Paint is not just paint anymore. Smart coatings are a subset of advanced coatings and may be defined as coating materials that are capable of adapting their properties dynamically to an external stimulus. The term “smart” refers to the concept of coatings being able to sense the environment and make an appropriate response to that stimulus.

Their emerging and potential uses are legion. Smart coatings help in reducing the need for air conditioning and heating within buildings and cars. Thermochromic coatings have heat-reflective properties that change according to temperature. A window painted with a thermochromic coating can switch from heat reflection during warm weather to heat absorption during winter. Coatings also can be used to capture energy during the day, before releasing it as electricity or heat at night.

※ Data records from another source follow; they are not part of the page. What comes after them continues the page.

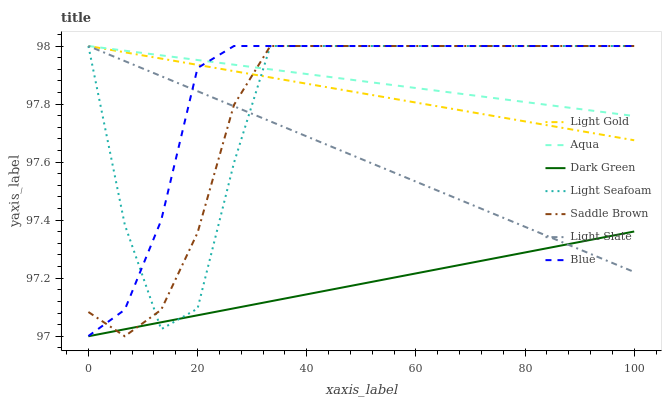Does Light Slate have the minimum area under the curve?
Answer yes or no. No. Does Light Slate have the maximum area under the curve?
Answer yes or no. No. Is Light Slate the smoothest?
Answer yes or no. No. Is Light Slate the roughest?
Answer yes or no. No. Does Light Slate have the lowest value?
Answer yes or no. No. Does Dark Green have the highest value?
Answer yes or no. No. Is Dark Green less than Aqua?
Answer yes or no. Yes. Is Light Gold greater than Dark Green?
Answer yes or no. Yes. Does Dark Green intersect Aqua?
Answer yes or no. No. 
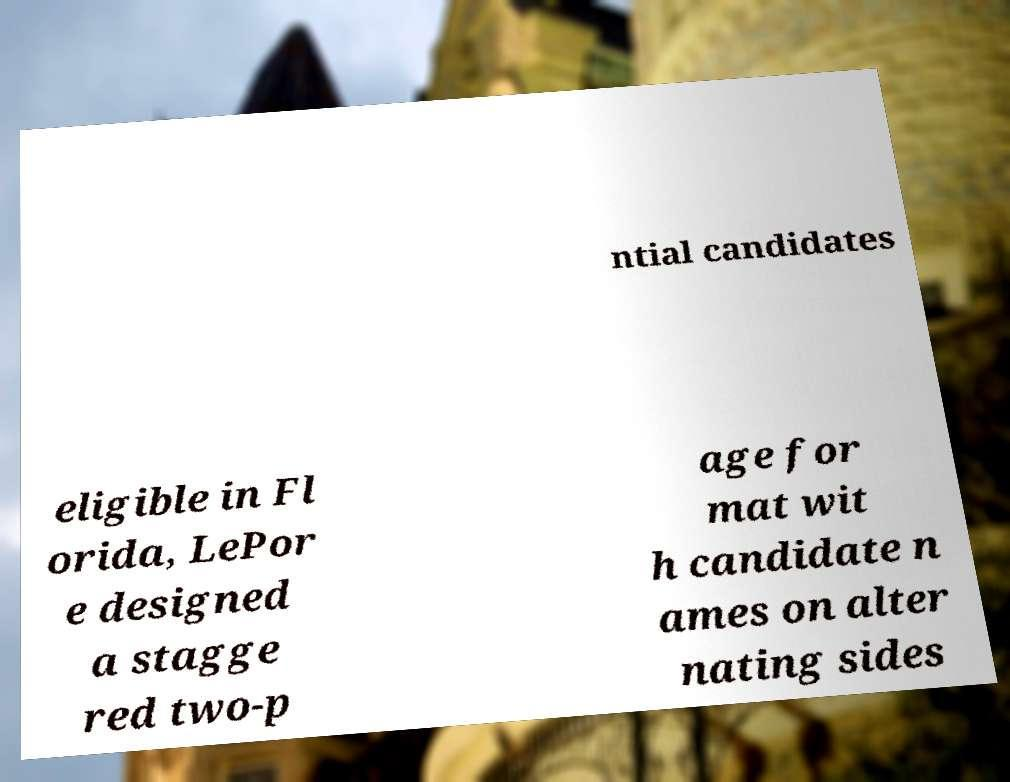There's text embedded in this image that I need extracted. Can you transcribe it verbatim? ntial candidates eligible in Fl orida, LePor e designed a stagge red two-p age for mat wit h candidate n ames on alter nating sides 
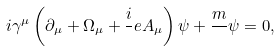Convert formula to latex. <formula><loc_0><loc_0><loc_500><loc_500>i \gamma ^ { \mu } \left ( { \partial _ { \mu } + \Omega _ { \mu } + \frac { i } { } e A _ { \mu } } \right ) \psi + \frac { m } { } \psi = 0 ,</formula> 
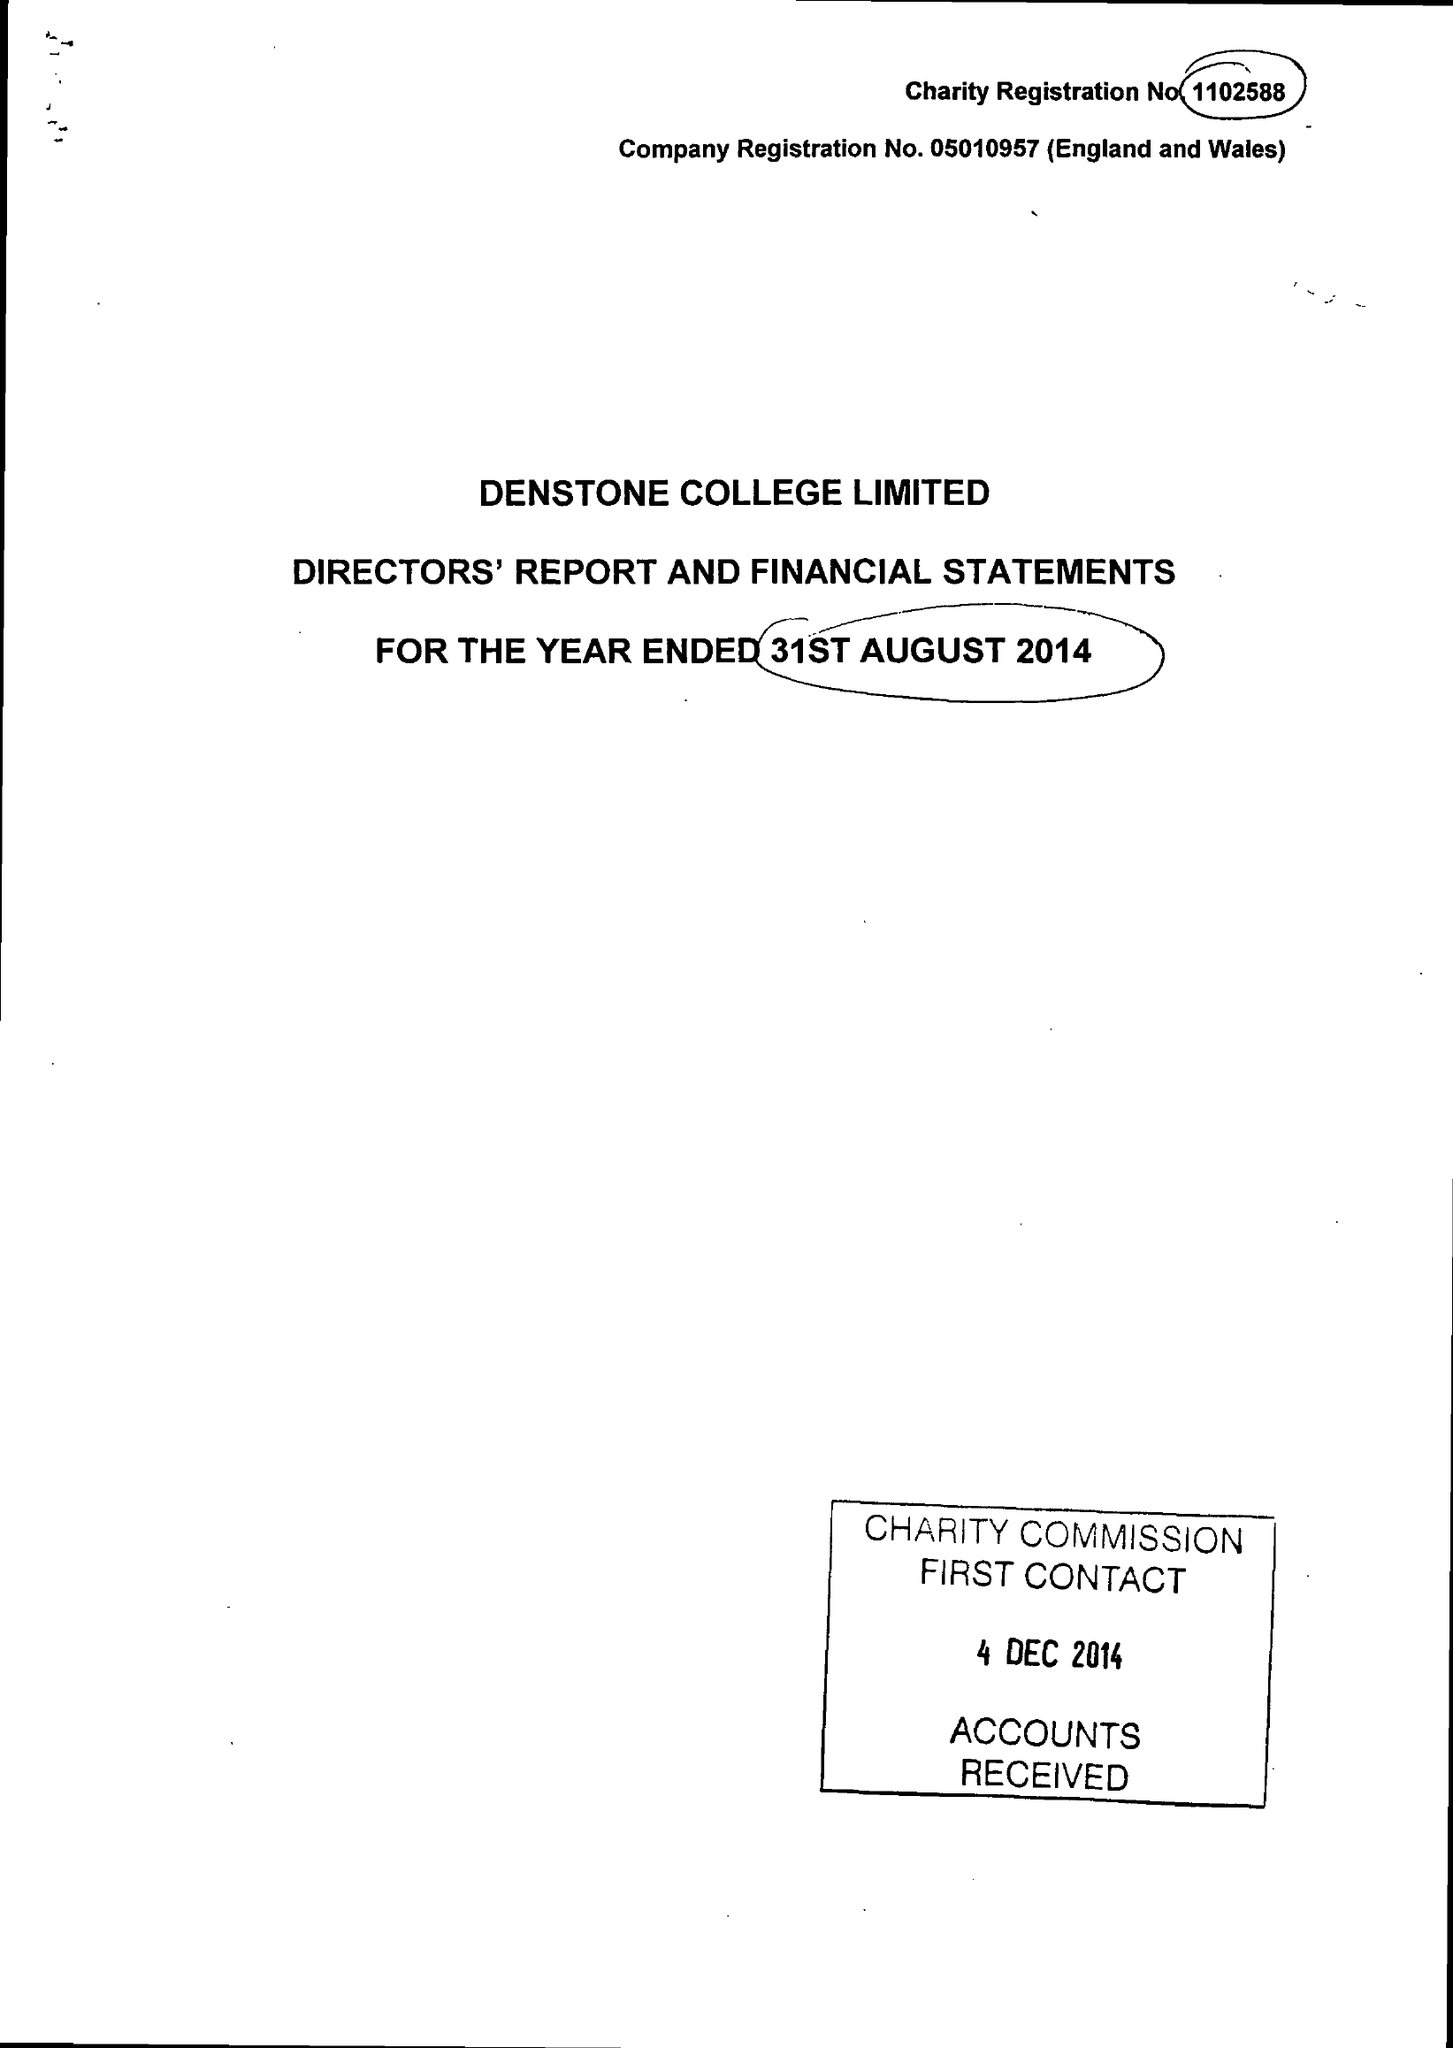What is the value for the report_date?
Answer the question using a single word or phrase. 2014-08-31

Smart coatings are sensitive to external stimuli such as electricity and gas. This allows them to change color on command and to warn of electricity malfunctions or gas leaks. Electrical-conducting smart coatings have created the possibility of TV screens that can be painted onto walls. Smart coatings with enzyme-based additives may detoxify nerve gases and leaked pesticides.

Smart coatings with deliberately fading colors could also be used to indicate when a new coating needs to be applied. Easily removable coatings for the decoration and protection of products, ranging from household appliances to winter sports equipment, are also available. Smart coatings that recognize when they are damaged and that are capable of repairing themselves have been developed. Such a smart coating would release repair components from built-in, micro- or nano-sized “containers,” which would release a repair fluid into the damaged area and then cure and cover the damage.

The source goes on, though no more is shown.